Rather than clear the waters, the War Powers Act confuses the matter with loopholes for a president to launch attacks without notice or congressional approval. In the opinion of retired Admiral Eugene Carroll, the law itself is unconstitutional. The problem is, Congress has failed to meet its responsibility and challenge the act.

"If I was a member of the Supreme Court, I would have found against both Reagan (Grenada) and Bush (Panama) for creating an illegal state of war. Both were impeachable offenses. I don't think Congress is fulfilling its constitutional obligation," says Carroll, deputy director of the Center for Defense Information, a Washington advocacy group run by former senior military personnel.

Neither does Francis Boyle, professor of international law at the University of Illinois College of Law.

"The war powers clause of the United States Constitution, Article I, Section 8, expressly requires authorization by Congress before the President can engage in acts of war, unless there is a direct attack upon the United States," says Boyle. "Clinton has also violated the War Powers Resolution of 1973 that was enacted by Congress over President Nixon's veto in order to prevent a repetition of the Vietnam War scenario, where Americans were misled by repeated presidential lies, misrepresentations, deceits and falsehoods at every step of the way."

Moreover, says Boyle, "There has been a clear and consistent pattern by Clinton to use the military to divert attention from the Monica Lewinsky affair

When the scandal broke in February, Clinton rushed aircraft carriers to the Persian Gulf. The bombing of the Sudan and Afghanistan coincided with Lewinsky's grand jury testimony.
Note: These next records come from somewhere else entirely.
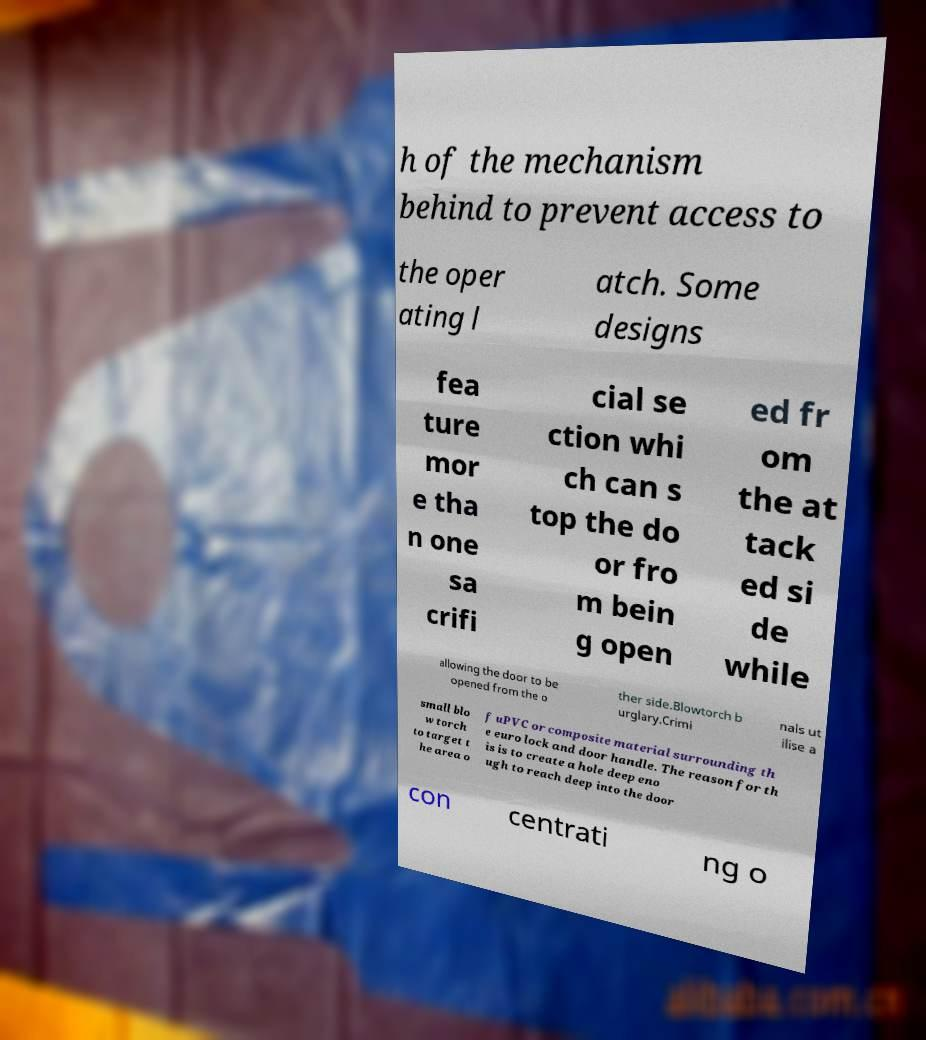Could you extract and type out the text from this image? h of the mechanism behind to prevent access to the oper ating l atch. Some designs fea ture mor e tha n one sa crifi cial se ction whi ch can s top the do or fro m bein g open ed fr om the at tack ed si de while allowing the door to be opened from the o ther side.Blowtorch b urglary.Crimi nals ut ilise a small blo w torch to target t he area o f uPVC or composite material surrounding th e euro lock and door handle. The reason for th is is to create a hole deep eno ugh to reach deep into the door con centrati ng o 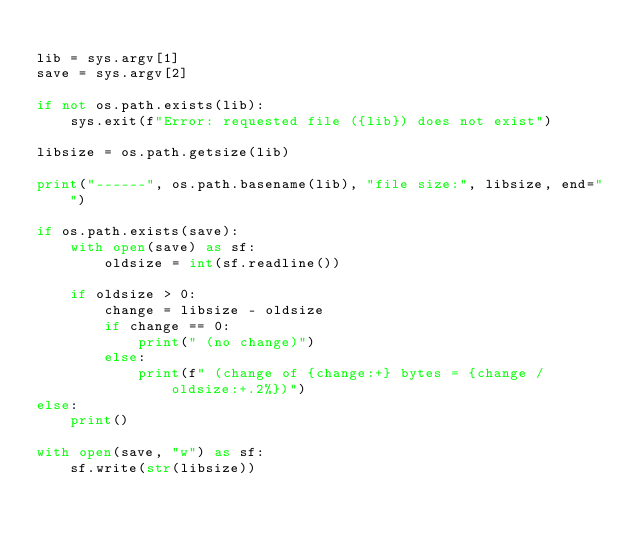<code> <loc_0><loc_0><loc_500><loc_500><_Python_>
lib = sys.argv[1]
save = sys.argv[2]

if not os.path.exists(lib):
    sys.exit(f"Error: requested file ({lib}) does not exist")

libsize = os.path.getsize(lib)

print("------", os.path.basename(lib), "file size:", libsize, end="")

if os.path.exists(save):
    with open(save) as sf:
        oldsize = int(sf.readline())

    if oldsize > 0:
        change = libsize - oldsize
        if change == 0:
            print(" (no change)")
        else:
            print(f" (change of {change:+} bytes = {change / oldsize:+.2%})")
else:
    print()

with open(save, "w") as sf:
    sf.write(str(libsize))
</code> 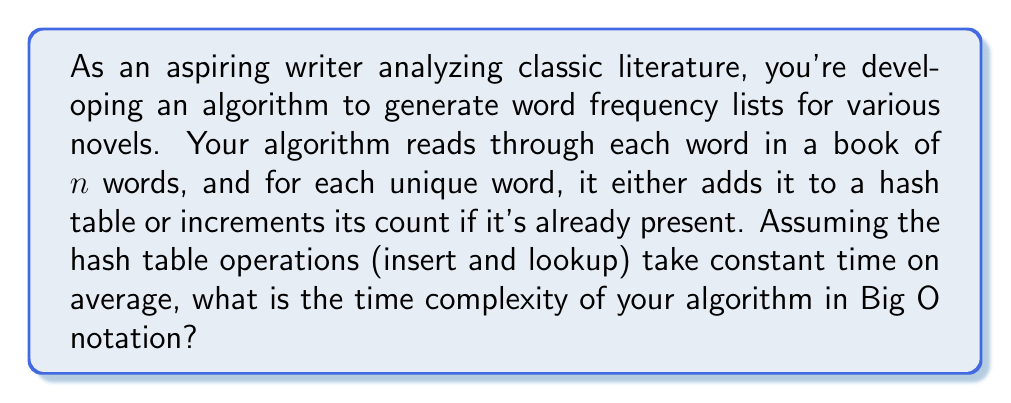Can you answer this question? Let's break down the algorithm and analyze its runtime:

1. The algorithm iterates through each word in the book once. This takes $O(n)$ time, where $n$ is the number of words in the book.

2. For each word, the algorithm performs two operations:
   a. A lookup in the hash table to check if the word exists.
   b. Either an insert (if it's a new word) or an increment (if it's already in the table).

3. Both hash table operations (lookup and insert/increment) are assumed to take constant time on average, i.e., $O(1)$.

4. These operations are performed for each of the $n$ words in the book.

Therefore, the total time complexity can be calculated as follows:

$$T(n) = n \times (O(1) + O(1)) = n \times O(1) = O(n)$$

The algorithm performs a constant amount of work for each word, and it does this for all $n$ words in the book. This results in a linear time complexity.

It's worth noting that while the space complexity isn't asked for in this question, it would be $O(u)$, where $u$ is the number of unique words in the book, as the hash table stores each unique word once.
Answer: $O(n)$, where $n$ is the number of words in the book. 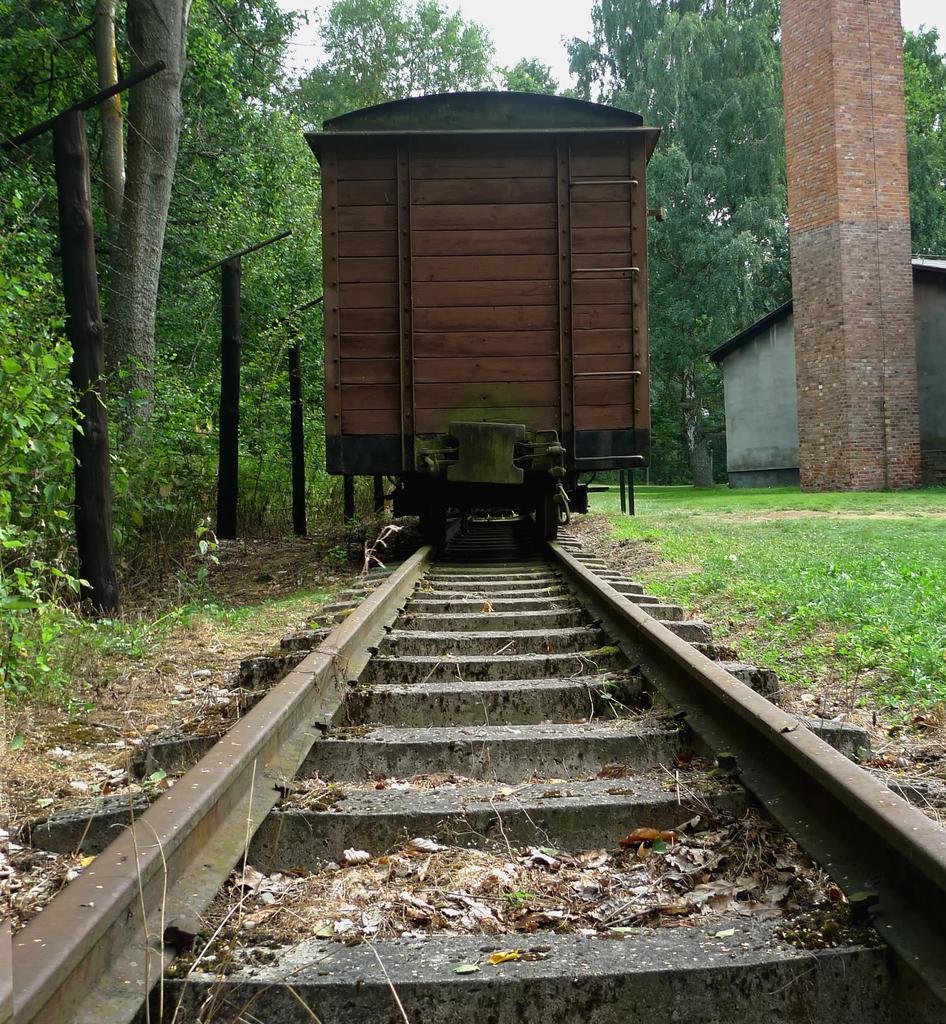In one or two sentences, can you explain what this image depicts? In the image there is a railway track in the foreground, on the railway track there is a train and around the train there is grass, a pillar, house and trees. 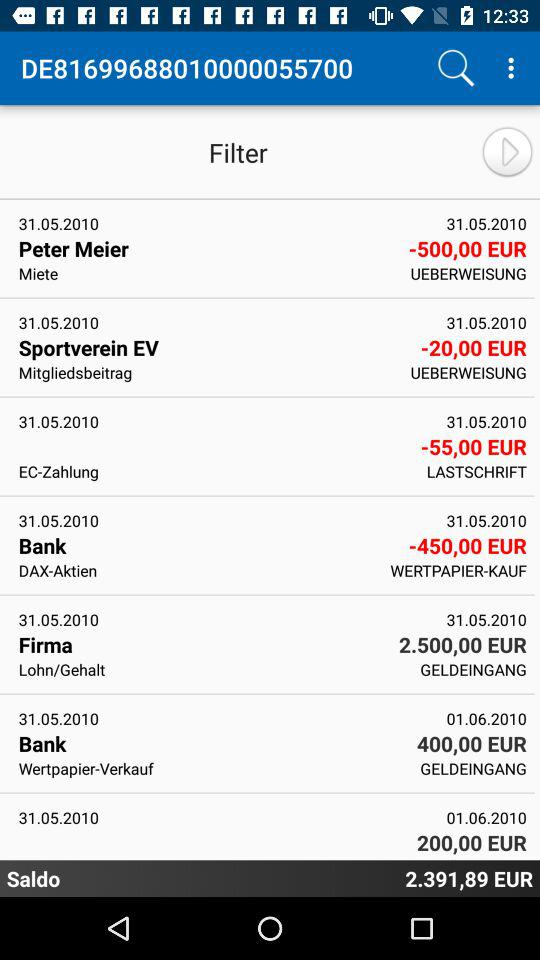What is the price mentioned for "Firma"? The mentioned price is 2.5 million euros.

"And now, on the day before the president is impeached, he attacks Iraq."

"In my opinion, the Starr referral is very questionable, and the proceedings are highly partisan," says Boyle. "But the response to this by the commander in chief of the armed forces has been for him to abuse his power. ... It is reprehensible and, without a doubt, impeachable."


Covert omelette

Sometimes you have to break a few laws to fund a dictator

It opens with grisly carnage as an Iraqi Scud missile slams into a temporary barracks in Dhahran, Saudi Arabia, on Feb. 25, 1991. When the smoke clears, 28 American soldiers are dead, 99 are wounded. Many of them are reservists from Greensboro, PA, a small town near Pittsburgh.

What wasn't known when the flag-draped coffins were flown home was that a company based in the same part of western Pennsylvania had secretly sold the Iraqis machine-tool parts used to mill armaments.

With that tragic irony, Peter Mantius begins Shell Game, a detailed study of how the "secret U.S. policy of aiding Iraq during the 1980s" helped create the military monster we went to war with in 1990 and are still fighting today.Published in 1995 by St. Martin's Press, Shell Game is now out of print, though its message is as timely as ever.

Mantius describes in scrupulous detail how the Reagan and Bush administrations, "working hand in hand with private business, (ran) an 'off-the-books' foreign policy — a policy that would never be approved through public channels."

The truth eventually emerged, but has been largely ignored: Under the guise of U.S. government-backed loans to buy American farm goods, hundreds of millions of dollars were funneled through an Italian-owned bank in Atlanta and on to Baghdad to fuel the war with neighboring Iran.

As one Italian senator observed, "If every citizen of Iraq had eaten the eggs that had been officially exported, they would have had to eat 100 every day for three years."

And so eggs became bombs. And again the American public was left to pick up the bloody pieces of a failed covert policy.